Листок замер где-то внизу, и Юлька почувствовала что-то вроде облегчения, а потом оступилась и взвыла от боли.

Она пролетела совсем немного, но сильно приложилась коленом о твёрдый пол.

Темнота вокруг немного разошлась — отползла в глубину начинающегося отсюда тоннеля.

Баюкая ушибленную ногу, Юлька скорчилась на каменных плитах. Было ужасно холодно и сыро. И очень страшно. И так жалко себя!

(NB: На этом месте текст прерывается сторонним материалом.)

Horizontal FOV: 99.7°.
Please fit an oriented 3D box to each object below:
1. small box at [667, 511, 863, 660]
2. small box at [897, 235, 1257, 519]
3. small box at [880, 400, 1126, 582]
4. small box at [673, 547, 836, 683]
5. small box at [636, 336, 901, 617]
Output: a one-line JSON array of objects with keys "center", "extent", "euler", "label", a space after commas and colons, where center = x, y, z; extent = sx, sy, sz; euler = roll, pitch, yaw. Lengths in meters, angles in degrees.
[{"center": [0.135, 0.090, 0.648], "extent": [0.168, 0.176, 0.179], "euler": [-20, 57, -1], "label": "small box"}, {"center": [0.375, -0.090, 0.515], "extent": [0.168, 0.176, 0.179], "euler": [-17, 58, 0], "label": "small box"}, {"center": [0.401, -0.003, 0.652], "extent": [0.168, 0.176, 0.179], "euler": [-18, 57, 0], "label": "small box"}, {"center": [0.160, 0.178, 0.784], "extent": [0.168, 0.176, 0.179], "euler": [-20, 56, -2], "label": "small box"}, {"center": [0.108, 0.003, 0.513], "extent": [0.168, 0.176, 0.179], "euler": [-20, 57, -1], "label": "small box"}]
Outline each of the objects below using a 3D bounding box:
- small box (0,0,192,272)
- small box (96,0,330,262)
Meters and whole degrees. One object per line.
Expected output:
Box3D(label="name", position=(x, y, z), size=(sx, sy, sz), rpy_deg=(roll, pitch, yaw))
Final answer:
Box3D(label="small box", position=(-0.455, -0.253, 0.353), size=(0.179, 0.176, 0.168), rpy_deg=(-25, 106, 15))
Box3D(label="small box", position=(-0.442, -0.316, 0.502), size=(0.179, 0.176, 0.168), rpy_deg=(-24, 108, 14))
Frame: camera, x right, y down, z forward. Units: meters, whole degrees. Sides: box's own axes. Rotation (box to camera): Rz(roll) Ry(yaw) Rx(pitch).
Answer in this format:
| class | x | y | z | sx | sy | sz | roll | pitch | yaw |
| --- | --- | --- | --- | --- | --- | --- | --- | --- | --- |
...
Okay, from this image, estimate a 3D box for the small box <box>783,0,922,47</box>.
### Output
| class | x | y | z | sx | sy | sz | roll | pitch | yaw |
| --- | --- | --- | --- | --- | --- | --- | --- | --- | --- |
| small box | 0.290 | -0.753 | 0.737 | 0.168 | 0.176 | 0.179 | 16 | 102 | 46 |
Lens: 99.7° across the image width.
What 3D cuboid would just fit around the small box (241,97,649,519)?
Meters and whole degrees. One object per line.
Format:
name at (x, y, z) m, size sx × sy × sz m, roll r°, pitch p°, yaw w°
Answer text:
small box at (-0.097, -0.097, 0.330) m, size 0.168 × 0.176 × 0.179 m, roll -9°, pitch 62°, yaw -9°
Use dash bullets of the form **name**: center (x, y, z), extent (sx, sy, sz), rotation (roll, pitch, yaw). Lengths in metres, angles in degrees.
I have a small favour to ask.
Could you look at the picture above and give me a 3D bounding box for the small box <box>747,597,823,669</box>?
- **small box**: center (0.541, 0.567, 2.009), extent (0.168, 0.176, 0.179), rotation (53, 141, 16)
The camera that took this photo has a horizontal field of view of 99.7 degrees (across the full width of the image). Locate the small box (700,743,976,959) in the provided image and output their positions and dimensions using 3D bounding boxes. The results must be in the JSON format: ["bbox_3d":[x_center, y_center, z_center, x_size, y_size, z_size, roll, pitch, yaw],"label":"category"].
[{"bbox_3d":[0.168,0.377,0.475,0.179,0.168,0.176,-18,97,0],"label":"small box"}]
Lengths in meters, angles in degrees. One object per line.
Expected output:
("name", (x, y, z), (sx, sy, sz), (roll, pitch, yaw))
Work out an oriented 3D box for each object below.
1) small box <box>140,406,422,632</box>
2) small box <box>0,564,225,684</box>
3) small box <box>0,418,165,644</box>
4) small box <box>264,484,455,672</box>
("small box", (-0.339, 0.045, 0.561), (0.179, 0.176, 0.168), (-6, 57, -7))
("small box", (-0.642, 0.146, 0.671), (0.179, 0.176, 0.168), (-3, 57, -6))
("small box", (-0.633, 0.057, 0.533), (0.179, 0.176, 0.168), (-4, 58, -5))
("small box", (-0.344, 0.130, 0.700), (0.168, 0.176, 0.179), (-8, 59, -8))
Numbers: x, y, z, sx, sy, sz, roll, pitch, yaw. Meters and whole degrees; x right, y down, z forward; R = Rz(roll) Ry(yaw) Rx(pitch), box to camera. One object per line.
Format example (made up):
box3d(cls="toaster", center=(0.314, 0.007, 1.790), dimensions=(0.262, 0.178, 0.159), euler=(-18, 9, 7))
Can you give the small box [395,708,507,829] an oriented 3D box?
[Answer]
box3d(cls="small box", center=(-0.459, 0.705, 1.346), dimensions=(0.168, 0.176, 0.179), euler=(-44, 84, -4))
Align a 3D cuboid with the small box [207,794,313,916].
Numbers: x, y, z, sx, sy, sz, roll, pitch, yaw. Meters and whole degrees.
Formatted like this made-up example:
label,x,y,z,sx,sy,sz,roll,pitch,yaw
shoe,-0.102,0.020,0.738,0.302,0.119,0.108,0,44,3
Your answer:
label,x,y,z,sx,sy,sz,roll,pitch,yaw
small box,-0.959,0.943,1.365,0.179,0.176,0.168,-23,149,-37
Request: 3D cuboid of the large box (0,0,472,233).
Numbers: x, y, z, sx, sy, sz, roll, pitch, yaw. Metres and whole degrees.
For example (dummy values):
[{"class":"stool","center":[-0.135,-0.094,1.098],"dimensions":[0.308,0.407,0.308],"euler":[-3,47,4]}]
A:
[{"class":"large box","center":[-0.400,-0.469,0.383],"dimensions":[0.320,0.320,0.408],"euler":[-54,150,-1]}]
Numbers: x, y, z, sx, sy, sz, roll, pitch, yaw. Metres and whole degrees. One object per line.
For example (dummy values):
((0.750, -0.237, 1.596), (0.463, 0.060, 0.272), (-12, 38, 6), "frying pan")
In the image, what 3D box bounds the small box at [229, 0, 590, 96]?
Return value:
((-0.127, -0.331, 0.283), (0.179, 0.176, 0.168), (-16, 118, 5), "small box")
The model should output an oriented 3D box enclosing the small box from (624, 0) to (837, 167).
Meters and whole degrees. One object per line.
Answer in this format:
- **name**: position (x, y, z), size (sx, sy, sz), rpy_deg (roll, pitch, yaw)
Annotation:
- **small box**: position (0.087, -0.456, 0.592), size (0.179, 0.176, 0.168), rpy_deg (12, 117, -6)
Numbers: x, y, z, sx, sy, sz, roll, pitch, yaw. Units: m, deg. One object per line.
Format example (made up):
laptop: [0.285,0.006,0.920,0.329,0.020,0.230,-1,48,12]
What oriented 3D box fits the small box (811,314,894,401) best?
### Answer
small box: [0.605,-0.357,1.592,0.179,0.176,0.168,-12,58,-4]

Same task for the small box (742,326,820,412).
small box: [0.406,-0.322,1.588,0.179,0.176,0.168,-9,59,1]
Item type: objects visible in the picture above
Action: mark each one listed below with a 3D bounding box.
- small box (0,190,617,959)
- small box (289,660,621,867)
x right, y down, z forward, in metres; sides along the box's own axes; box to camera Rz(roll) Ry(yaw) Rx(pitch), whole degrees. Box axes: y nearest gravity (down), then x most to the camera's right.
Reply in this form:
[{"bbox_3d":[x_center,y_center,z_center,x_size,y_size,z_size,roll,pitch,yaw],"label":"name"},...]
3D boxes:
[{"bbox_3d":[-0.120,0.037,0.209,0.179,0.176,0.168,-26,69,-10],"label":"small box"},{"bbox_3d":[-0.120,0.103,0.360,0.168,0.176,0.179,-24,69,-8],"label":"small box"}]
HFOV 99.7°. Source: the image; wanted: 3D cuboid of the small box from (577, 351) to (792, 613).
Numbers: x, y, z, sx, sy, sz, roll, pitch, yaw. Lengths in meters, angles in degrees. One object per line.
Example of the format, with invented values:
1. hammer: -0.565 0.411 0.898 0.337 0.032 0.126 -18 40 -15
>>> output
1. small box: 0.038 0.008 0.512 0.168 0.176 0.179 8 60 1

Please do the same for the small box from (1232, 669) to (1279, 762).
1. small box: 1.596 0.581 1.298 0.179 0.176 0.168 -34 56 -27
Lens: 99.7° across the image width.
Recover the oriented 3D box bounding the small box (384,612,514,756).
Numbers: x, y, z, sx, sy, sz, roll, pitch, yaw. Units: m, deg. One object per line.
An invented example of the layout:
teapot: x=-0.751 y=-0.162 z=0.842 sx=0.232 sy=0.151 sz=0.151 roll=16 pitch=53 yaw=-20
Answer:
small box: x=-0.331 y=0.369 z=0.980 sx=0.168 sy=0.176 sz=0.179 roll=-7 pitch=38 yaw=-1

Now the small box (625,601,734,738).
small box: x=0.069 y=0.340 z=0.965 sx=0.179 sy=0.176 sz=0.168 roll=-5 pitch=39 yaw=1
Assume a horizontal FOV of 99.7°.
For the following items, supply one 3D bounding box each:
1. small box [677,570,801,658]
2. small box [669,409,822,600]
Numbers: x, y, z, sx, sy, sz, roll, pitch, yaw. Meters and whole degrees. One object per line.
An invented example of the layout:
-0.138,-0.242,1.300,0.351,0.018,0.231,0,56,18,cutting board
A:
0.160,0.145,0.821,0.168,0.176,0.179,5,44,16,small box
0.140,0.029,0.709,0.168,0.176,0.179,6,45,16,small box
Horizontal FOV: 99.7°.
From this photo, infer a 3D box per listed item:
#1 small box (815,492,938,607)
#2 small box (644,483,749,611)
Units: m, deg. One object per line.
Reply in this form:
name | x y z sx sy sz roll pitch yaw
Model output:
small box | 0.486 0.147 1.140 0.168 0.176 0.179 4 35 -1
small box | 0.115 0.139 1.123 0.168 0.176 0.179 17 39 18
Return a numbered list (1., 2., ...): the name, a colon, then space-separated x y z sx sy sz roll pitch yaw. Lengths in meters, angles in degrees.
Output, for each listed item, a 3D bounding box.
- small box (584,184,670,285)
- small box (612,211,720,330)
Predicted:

— С переходом! — листок спланировал рядом с Юлькой и вдруг обернулся знакомым дядькой! Он выглядел как тогда в машине — невысокий и неприметный, с расползшейся по лицу мохнатой бородой. — С переходом, говорю! Или оглохла?

— Нога болит, — пожаловалась Юлька и шмыгнула носом. — Зачем вы устроили этот цирк?

— О как! — чему-то обрадовался дядька. — Ни слёз, ни криков! Молодца! Хозяину пондравится. Вставай уже. Мы почти на месте.

Юлька мотнула головой, продолжая поглаживать ногу — колено ощутимо увеличилось, и она боялась шевельнуться.

— А ну-ка, возьми, — дядька вытащил из уха что-то вроде трубочки. Это оказался листок бересты, очень тонкий и мягкий. — Давай-ка, к ноге приложь. А я поверху дуну. Что смотришь совой? Действуй.

Подкатить штанину не получилось — настолько сильно распухла нога.

— Прямо так клади. Поверх. — показал дядька рукой.

И когда она послушалась, поплевал на ладонь да с силой пришлёпнул по бересте.

— Чего дёргаешься? Разве больно тебе? — дядька легонечко дунул на листок.

— Нет! Не больно. — удивилась Юлька, осторожно разгибая ногу. — Как это у вас получилось?

— То не у меня — у берёсты. Хозяин наговорил, я и ношу. Мало ли что.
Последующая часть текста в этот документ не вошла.